In response to PG&E's PTM, ORA agreed with the short-term definition, but opposed electronic auction authority since the proposal lacks details.

We clarify that D.03-12-062 authorized IOUs to conduct procurement using negotiated bilateral agreements for transactions of up to three calendar months, or one quarter, forward; and that utilities will consult with their PRGs for transactions with delivery periods of greater than three calendar months, or one quarter. We further clarify that D.03-12-062 authorized IOUs to conduct procurement using an electronic auction format for execution of competitive solicitations, among other transactional methods.
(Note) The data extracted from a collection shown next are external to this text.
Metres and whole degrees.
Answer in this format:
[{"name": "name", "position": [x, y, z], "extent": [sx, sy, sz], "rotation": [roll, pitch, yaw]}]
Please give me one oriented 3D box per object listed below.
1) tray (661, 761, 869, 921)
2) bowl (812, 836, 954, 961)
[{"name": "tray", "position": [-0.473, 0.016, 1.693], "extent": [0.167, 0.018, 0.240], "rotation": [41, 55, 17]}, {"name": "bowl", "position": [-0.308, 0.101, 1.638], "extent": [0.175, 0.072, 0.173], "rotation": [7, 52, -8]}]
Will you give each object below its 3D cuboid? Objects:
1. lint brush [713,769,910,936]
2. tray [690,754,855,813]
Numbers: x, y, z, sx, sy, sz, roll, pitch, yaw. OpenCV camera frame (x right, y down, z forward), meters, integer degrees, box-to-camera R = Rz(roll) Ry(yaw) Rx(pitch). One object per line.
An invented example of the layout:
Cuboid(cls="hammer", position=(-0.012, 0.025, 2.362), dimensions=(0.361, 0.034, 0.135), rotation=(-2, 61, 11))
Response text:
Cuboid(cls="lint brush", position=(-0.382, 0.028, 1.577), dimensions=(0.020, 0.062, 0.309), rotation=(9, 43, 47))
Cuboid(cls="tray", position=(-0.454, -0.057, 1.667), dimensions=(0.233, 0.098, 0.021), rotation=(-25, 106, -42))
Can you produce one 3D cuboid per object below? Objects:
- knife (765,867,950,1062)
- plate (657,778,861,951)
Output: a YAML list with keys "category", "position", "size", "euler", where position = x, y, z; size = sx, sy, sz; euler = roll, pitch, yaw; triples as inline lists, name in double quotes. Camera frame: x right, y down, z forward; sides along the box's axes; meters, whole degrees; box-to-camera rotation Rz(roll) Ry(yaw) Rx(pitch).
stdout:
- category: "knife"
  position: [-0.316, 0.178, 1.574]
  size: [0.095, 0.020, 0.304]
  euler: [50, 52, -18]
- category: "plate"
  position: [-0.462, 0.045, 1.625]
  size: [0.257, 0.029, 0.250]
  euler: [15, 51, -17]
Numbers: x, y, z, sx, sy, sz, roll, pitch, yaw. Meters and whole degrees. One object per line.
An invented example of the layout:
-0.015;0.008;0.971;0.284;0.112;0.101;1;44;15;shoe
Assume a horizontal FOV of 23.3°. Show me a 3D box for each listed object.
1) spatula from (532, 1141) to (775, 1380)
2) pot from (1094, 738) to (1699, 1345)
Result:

The authorized products are good for short-, medium-, and long-term procurement.

F. SCE'S AB 57 Plan

SCE states that its proposed revision to its Existing AB 57 Procurement Plan97 is a component of its long-term procurement plan. SCE further clarifies that it does not have a separate AB 57 long-term procurement plan and AB 57 short-term procurement plan. Instead, SCE has one AB 57 procurement plan which is a component of SCE's LTPP showing in this proceeding (SCE LTPP, July 9, 2004, Vol.2, p. 1). SCE states that the objective for each IOU's AB 57 procurement plan is to set the limits (i.e., the upfront achievable standards and criteria called for in AB 57), within which the IOU's transaction activity would be deemed reasonable. All transactions and actions that fall within the boundaries of an AB 57 procurement plan are compliant with the approved procurement plan and accordingly are assured cost recovery. Statute requires that a procurement plan contain upfront achievable standards and criteria.

On February 19, 2004, SCE filed a PTM D.03-12-062 (the 2004 Short Term Procurement Plan Decision). SCE's PTM presented arguments on twelve separate issues in the D.03-12-062 that, SCE contends, affect its ability to procure power and make it difficult for SCE to comply with portions of the decision as it is written. SCE's list of twelve requested modifications are set forth in its LTPP, Vol.2, pp.13-16, which we will not reiterate here. SCE, like PG&E, raised the 90-day vs. one-quarter issue.

We grant ten of SCE's twelve requested modifications with the exception of modifications seven and nine, as shown here:

1. "Modify language that would require an "unqualified certification" as a basis for authorizing SCE's proprietary risk model. The language of the decision must be modified because a certification of this level would be extremely difficult to obtain."

2. "Eliminate the requirement that SCE demonstrate that identified over-the-counter (OTC) brokers provide prices equivalent to those of exchanges. Allowing transactions from brokers only when the same transaction can be made with an exchange at an equivalent price is impractical."

With regard to an "unqualified certification" of SCE's proprietary risk model, we are not asking that the model be proven infallible. We are simply seeking an independent review of the internal validity of the model, that all the features of the model work as advertised, that the model is mathematically sound and that the assumptions utilized by the model are reasonable.

With regard to the requirement that SCE demonstrate that identified OTC brokers provide prices equivalent to those of exchanges, this is a reasonable upfront standard, consistent with AB 57. The use of transparent exchanges is one reasonable check on the competitiveness of a portion of SCE's procurement activity. We direct SCE to consult with its PRG regarding the specific implementation options that are available.

85 D. 02-10-062, p. 47.

86 D. 02-12-074, Ordering Paragraph 5.

87 D. 04-01-059, p. 91.

88 PG&E opening brief, p. 46.

89 SCE opening brief, p. 67.

90 SDG&E opening brief, p. 74.

91 D.04-07-029, pp.9-11.

92 We reserve the right to issue a resolution that orders the IOUs to file an application.

93 PG&E's prepared Testimony, pp. 2-38.

94 DENA opening brief, p. 13.

95 D. 02-12-074, Ordering Paragraph 25.

96 Id., Conclusion of Law 1.

97 The "Existing AB 57 PP is the same as the "2004 Short-Term Procurement Plan - Confidential Version," dated May 15, 2003, as modified by the Commission in D.03-12-062 and submitted by SCE in Compliance Advice Letter 1770-E-A, dated February 23, 2004. These plans are also referred to at times in SCE's LTPP as the "Implementation Plan."